Overview

Citigroup Centre, Auckland

Citigroup Centre, Auckland

Origins

Argosy Property Limited (list code ARG) was listed on the New Zealand Stock Exchange (originally as Paramount Property Trust) on 3 December 2002, after a successful public offering that raised unit holders’ equity of $31,543,000. This was the first step for a new property investment vehicle with the objective of achieving steady growth in assets under management and a superior yield.

Strategy

Today, the Company’s focus is on the acquisition of quality investments and properties where value can be added or properties modernised to extend their effective useful life. The Company targets properties in strategic and popular locations, enabling low vacancy rates and good lease term profiles, and properties that provide the best prospect for rental and capital growth.

The aim of the Company is to maintain a diversified portfolio containing the broad spread of high-quality assets necessary to provide a steady and stable income return. These core properties will be complemented by others with ‘added value’ opportunities. Essentially, it is through a combination of achieving stable returns from the core assets and maximising the potential from the added value opportunities that the Company will be able to provide strong returns overall for investors. Argosy only undertakes its own developments to enhance the value and quality of property in its portfolio, or to create assets that will be held in its portfolio. In either case the benefit is realised through enhanced income returns. Wherever possible, properties held for development contribute a holding income. It follows from Argosy’s focus on income returns that it should not be considered a property developer aiming to make profits from trading in property.
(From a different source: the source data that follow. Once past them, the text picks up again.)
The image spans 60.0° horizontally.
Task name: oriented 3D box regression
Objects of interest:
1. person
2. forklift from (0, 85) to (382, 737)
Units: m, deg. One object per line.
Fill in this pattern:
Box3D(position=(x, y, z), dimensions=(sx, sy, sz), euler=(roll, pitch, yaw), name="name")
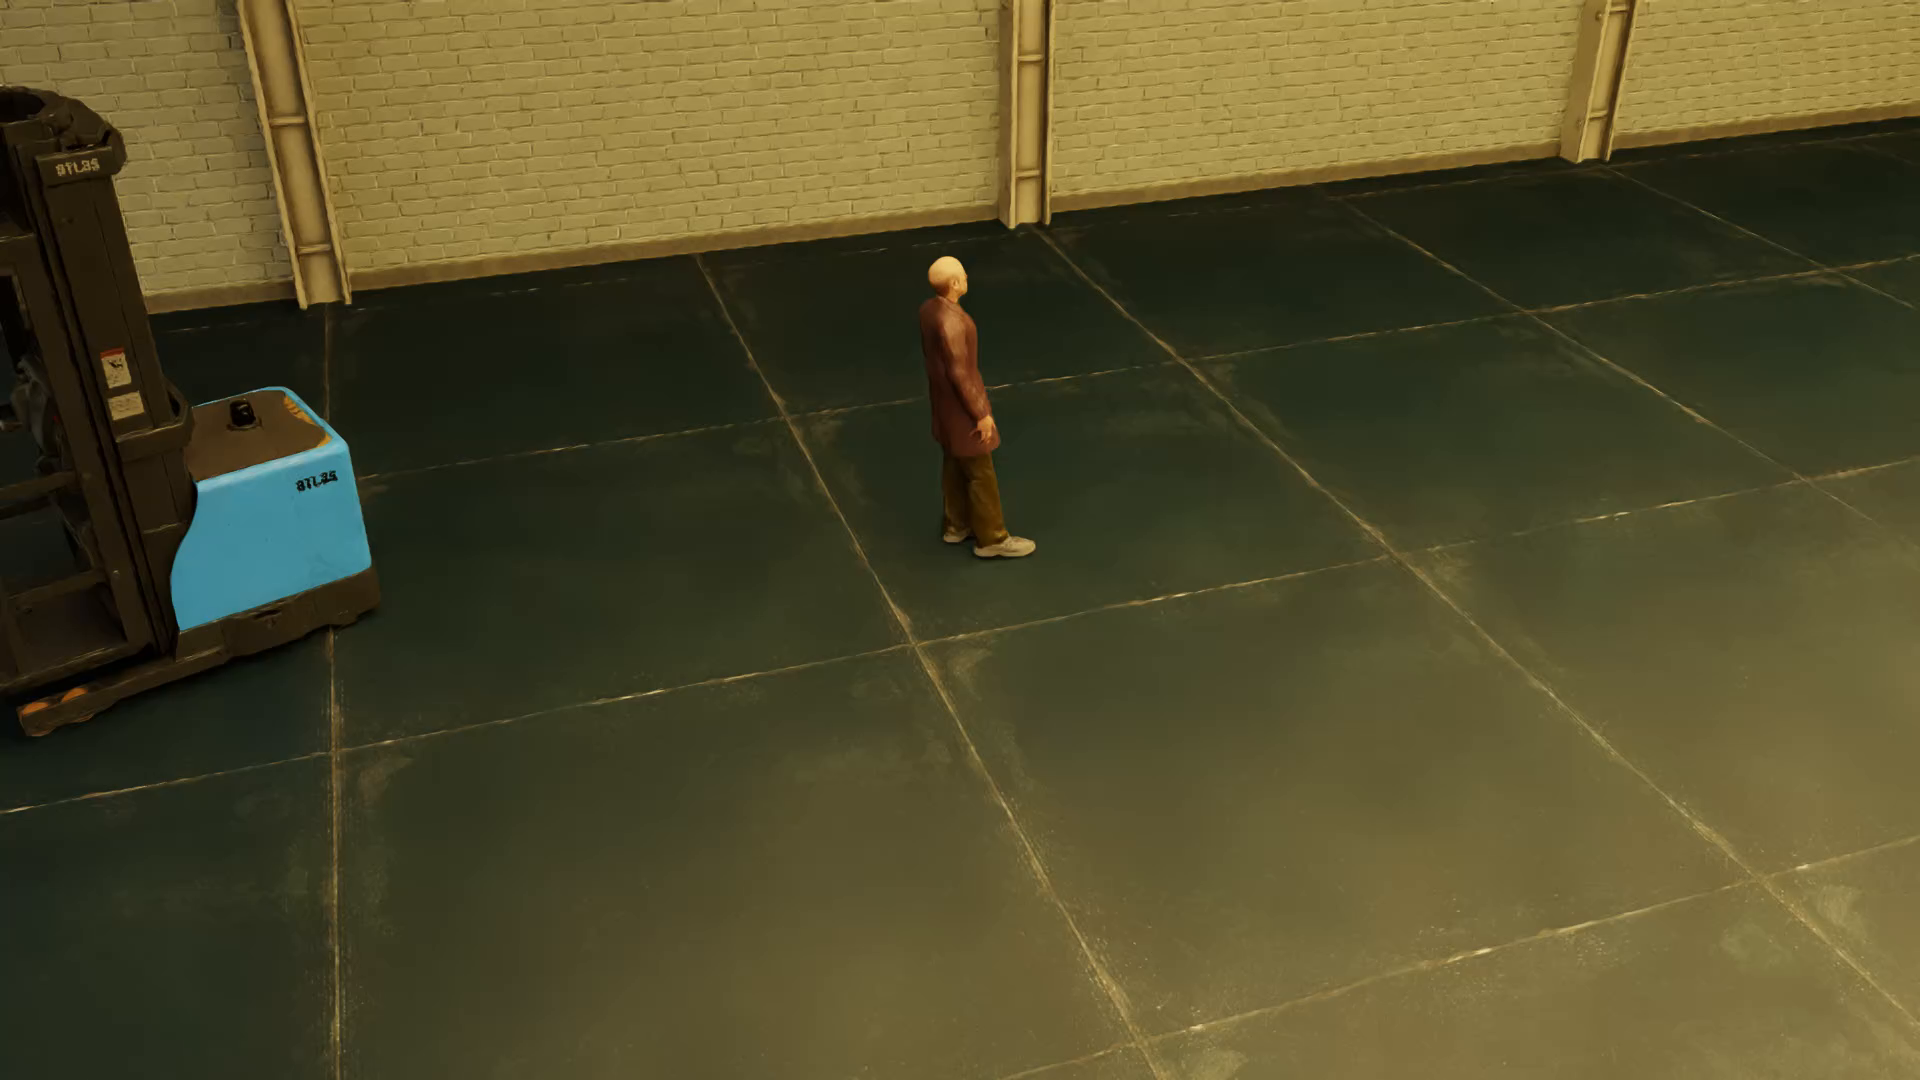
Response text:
Box3D(position=(0.088, -0.789, 9.600), dimensions=(0.580, 1.776, 0.694), euler=(-10, 31, -16), name="person")
Box3D(position=(-4.697, -0.587, 8.107), dimensions=(3.031, 2.935, 1.130), euler=(-22, 36, -33), name="forklift")

Internalisation and Corporatisation

Argosy Property Trust’s unitholders approved internalisation of the Trust’s management at the annual general meeting of unitholders in August 2011.  The effect of internalisation was to completely separate the Trust from ANZ National and from One Path. This resulted in a significant improvement in earnings for the Trust.  At the 2011 AGM the Board of Directors also undertook to investigate corporatisation under which the Trust would be converted to a company, and prepare a recommendation for unit holders consideration, prior to the next AGM. The corporatisation proposal was expected to generate savings in trustee expenses, such as trustee fees and legal costs. The Manager’s corporatisation proposal was presented to unitholders and approved at an extraordinary meeting in February 2012.  Accordingly the Trust was corporatised and replaced by a new company, Argosy Property Limited, with effect from 1 March 2012.  Following corporatisation, Argosy Property Limited is on track to realise the expected corporatisation savings. 

One of the top real estate teams in the country

The Argosy team is made up of 10 experienced property professionals who are well qualified and perform at the highest level in the industry. They are supported by an equally committed and competent administration and accounting staff of 10. Argosy Property Limited has a very competitive management expense ratio compared to the other listed property investment vehicles in New Zealand.